Likewise, there are many cases where the international community has more advanced capabilities than Australia—a fact we can’t ignore. Image datasets such as CIFAR-* and Imagenet for computer vision, object and facial recognition have already undergone intense public scrutiny and bias analysis by researchers and activists online that make it difficult to hide potential manipulation. But there is no such thing as unbiased data. The trick is identifying the degree to which biases have been introduced in datasets and determining whether there are any risks that need to be managed to make it appropriate for Australian uses. This is best done by building trusted international partnerships with shared standards for quality and accountability.
It’s also incorrect to assume that bigger datasets are inherently better. In fact, better is better when it comes to data—cleaner, truthful, secure, appropriate and representative for the purpose. Viral mis- and disinformation and uneducated opinion can generate large amounts of data—scale can dilute good data rather than protect it. And such disinformation can just as easily be created from AI using large, sovereign datasets as it can from non-sovereign datasets.

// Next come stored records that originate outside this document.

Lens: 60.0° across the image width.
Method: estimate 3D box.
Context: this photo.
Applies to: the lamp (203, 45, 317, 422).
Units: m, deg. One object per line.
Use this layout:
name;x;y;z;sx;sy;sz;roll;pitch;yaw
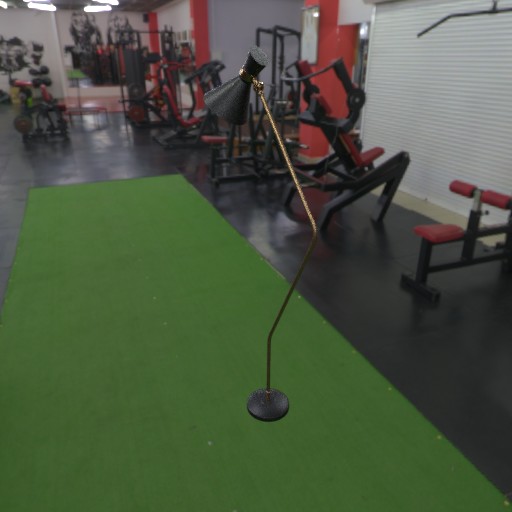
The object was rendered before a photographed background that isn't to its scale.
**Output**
lamp;0.000;0.000;1.672;0.277;1.438;0.467;-8;25;-18
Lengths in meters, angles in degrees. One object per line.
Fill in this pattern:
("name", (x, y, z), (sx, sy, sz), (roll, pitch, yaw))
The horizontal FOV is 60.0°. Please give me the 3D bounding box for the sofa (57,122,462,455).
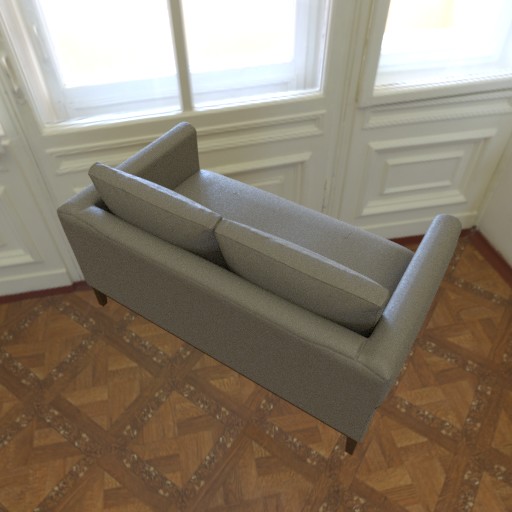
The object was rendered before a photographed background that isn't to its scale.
("sofa", (0.000, 0.000, 2.130), (1.598, 0.873, 0.899), (25, 51, 22))
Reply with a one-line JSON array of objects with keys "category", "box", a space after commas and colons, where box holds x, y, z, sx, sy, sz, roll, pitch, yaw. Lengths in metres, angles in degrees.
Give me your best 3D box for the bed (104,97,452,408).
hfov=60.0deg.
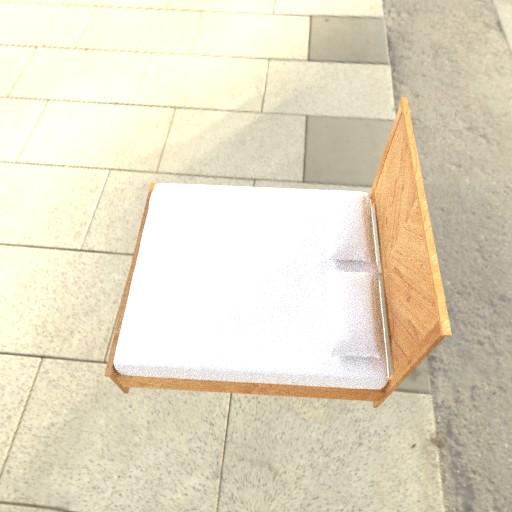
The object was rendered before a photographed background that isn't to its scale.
[{"category": "bed", "box": [0.000, 0.000, 3.624, 2.201, 1.686, 1.936, 3, 58, 2]}]
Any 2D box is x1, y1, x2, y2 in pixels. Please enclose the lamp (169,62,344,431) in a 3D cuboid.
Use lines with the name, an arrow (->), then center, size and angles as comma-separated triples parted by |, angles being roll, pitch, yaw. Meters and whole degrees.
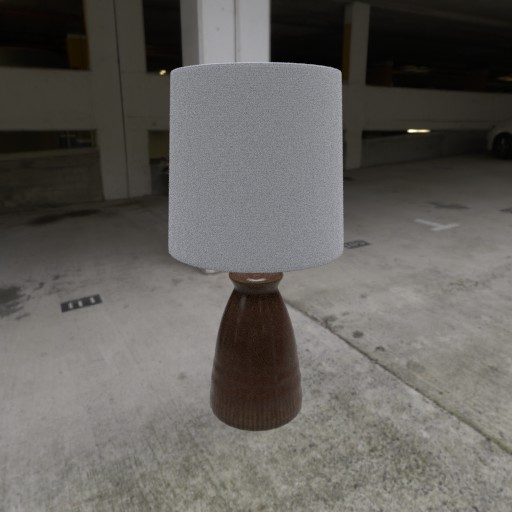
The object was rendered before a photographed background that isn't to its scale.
lamp -> 0.000, 0.000, 0.484 | 0.186, 0.369, 0.186 | 0, 16, 0
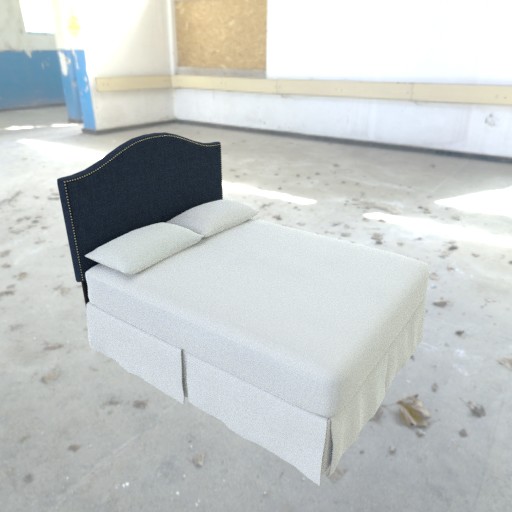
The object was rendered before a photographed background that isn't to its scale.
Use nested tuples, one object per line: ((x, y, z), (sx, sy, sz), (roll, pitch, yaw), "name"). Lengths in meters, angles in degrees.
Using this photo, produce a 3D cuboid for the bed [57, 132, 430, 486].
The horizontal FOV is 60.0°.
((0.000, 0.000, 3.195), (2.153, 1.518, 1.725), (17, 30, 32), "bed")
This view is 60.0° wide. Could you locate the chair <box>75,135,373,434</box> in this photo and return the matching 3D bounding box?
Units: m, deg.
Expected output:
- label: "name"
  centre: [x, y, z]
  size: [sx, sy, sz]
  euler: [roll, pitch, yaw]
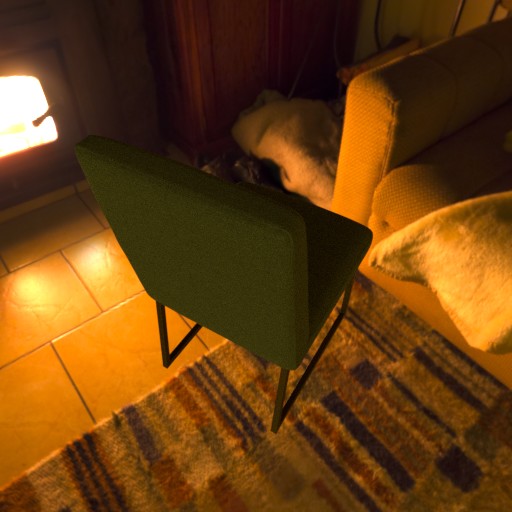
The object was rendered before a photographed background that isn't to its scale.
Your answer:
- label: "chair"
  centre: [0.000, 0.000, 1.310]
  size: [0.520, 0.930, 0.634]
  euler: [24, 51, 21]
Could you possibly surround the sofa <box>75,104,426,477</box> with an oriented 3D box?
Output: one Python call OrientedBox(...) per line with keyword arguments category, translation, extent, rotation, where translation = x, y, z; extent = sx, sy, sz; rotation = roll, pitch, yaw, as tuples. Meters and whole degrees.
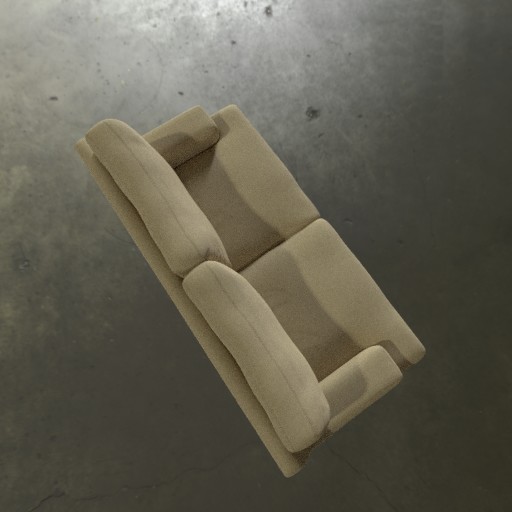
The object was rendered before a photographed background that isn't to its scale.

Not all AI systems rely on data that raises privacy concerns. For instance, AI models that use meteorological data to investigate air quality trends or to predict rain, use data that is neither personal nor inherently sensitive. The regulatory focus in such cases should be on ensuring the accuracy and reliability of the data rather than its geographic origin, if regulation is even needed at all.
In an effort to support domestic AI innovation and manage the risk of overregulation, the Australian Government is taking a risk-based approach in its AI regulation. The Department of Industry, Science, and Resources has done commendable work gripping up the issues, laying a solid foundation that addresses key concerns such as safety, rights protection and alignment with international regulations in its proposed mandatory guardrails for high-risk AI settings. However, refining certain aspects will further strengthen this framework.
The current definition of ‘high-risk AI’ is too broad, risking overregulation of low-risk systems, which could stifle innovation. A clear, tiered regulatory approach that distinguishes between different levels of risk will promote AI adoption without burdening businesses unnecessarily.
Regulations must also account for the global nature of AI development. Foreign developers of products used in Australia should be held to the same standards as domestic developers to prevent unfair advantages, while AI systems—whether developed locally or abroad—must meet high standards for safety, transparency and accountability. Failure to comply should result in enforcement, to build public and business trust in the regulatory system.
Overall, Australian regulation must be responsive, evolving alongside the technology itself. Regulating a field as dynamic and wide-ranging as AI will require ongoing adaptation, and iterative updates that learn from past experience.
Sovereign datasets may have limited roles in specific sectors, but they are far from the cornerstone of effective AI regulation. In shaping its AI future, Australia must prioritise trust over territorial control of data. The real key to effective AI regulation lies in building public confidence through clear, consistent rules that keep pace with technological change globally. They should protect rights, promote transparency and foster responsible innovation—regardless of geographical location of the data or the developer.